Make an exact copy, without pictures, of the lines below from the one containing "Estimate the 3D" to the last line, both ends included.
========================================================================
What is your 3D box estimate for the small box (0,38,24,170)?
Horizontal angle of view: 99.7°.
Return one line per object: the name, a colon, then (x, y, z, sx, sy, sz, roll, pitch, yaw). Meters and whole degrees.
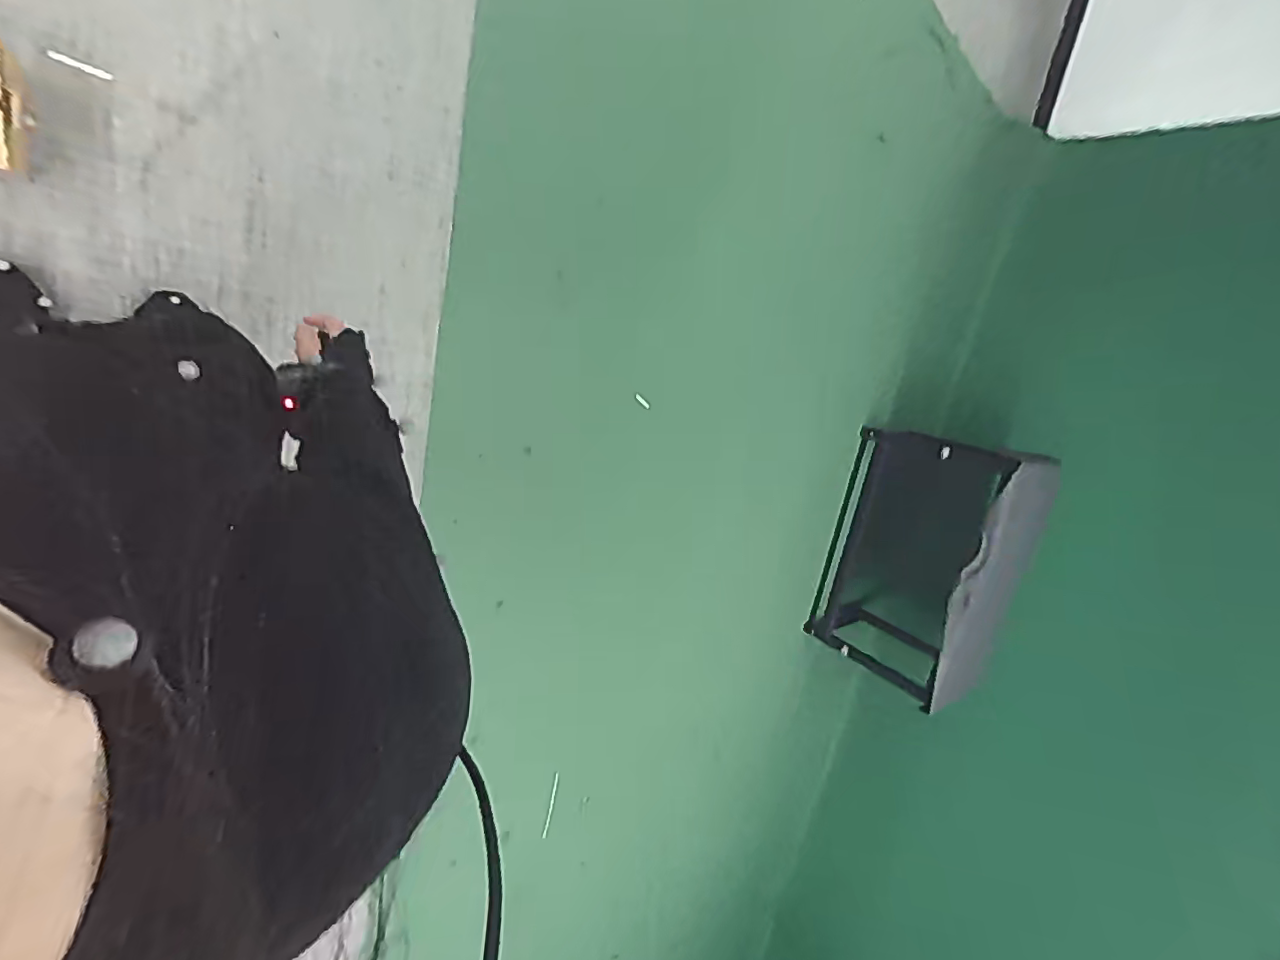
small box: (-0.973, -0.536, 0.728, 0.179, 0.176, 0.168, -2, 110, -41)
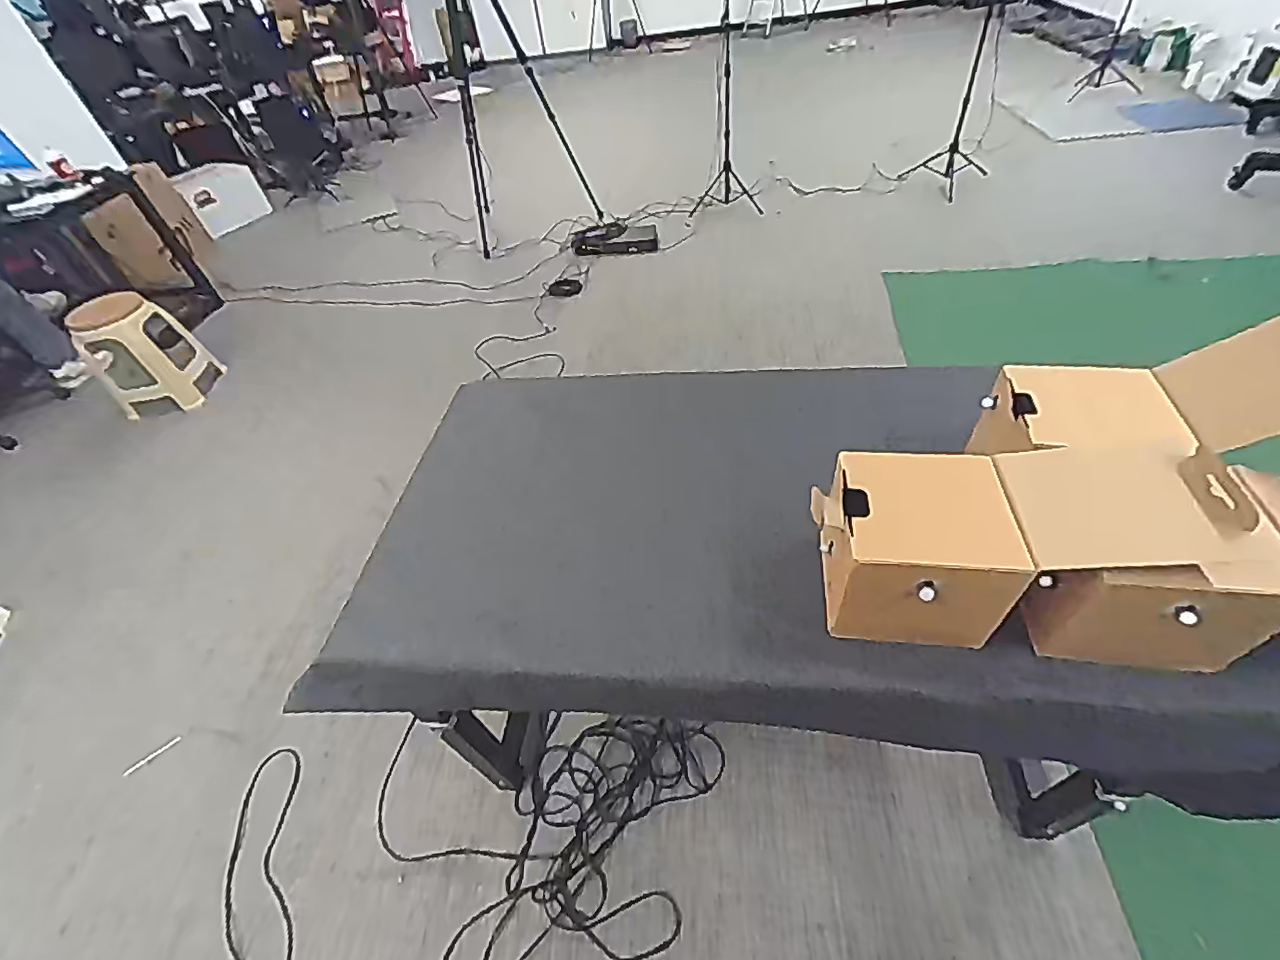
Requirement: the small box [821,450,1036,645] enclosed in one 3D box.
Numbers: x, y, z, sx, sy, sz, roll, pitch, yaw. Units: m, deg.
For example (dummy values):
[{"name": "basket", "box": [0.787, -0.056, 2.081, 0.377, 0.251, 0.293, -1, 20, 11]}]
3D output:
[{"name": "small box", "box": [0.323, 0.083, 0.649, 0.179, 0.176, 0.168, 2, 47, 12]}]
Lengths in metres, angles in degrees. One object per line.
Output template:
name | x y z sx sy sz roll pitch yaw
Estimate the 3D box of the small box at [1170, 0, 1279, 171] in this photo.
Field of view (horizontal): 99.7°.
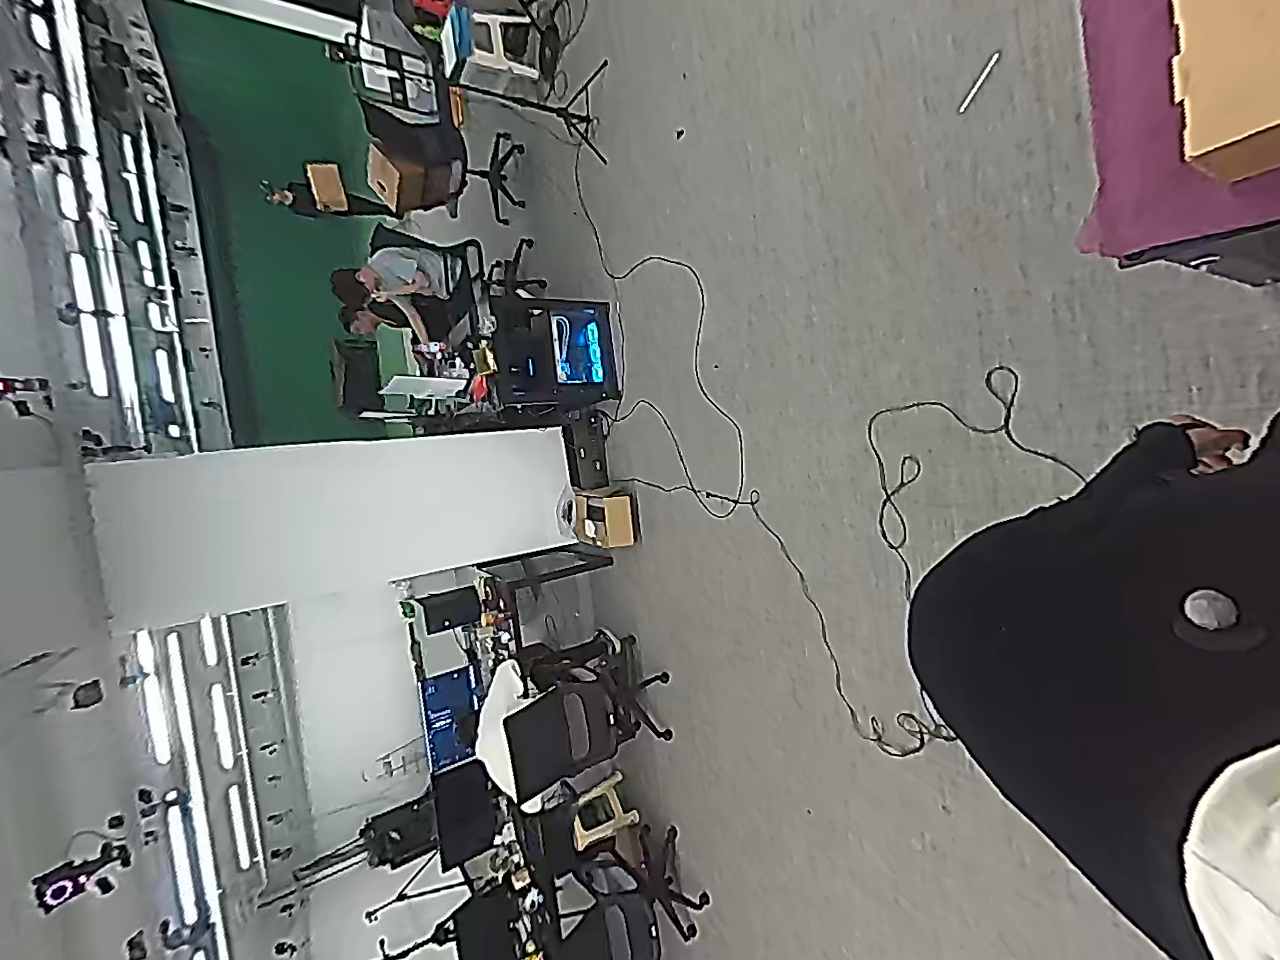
========================================================================
EXERCISE RESULT -
Estimate the 3D box of the small box at [1170, 0, 1279, 171] in this photo.
Field of view (horizontal): 99.7°.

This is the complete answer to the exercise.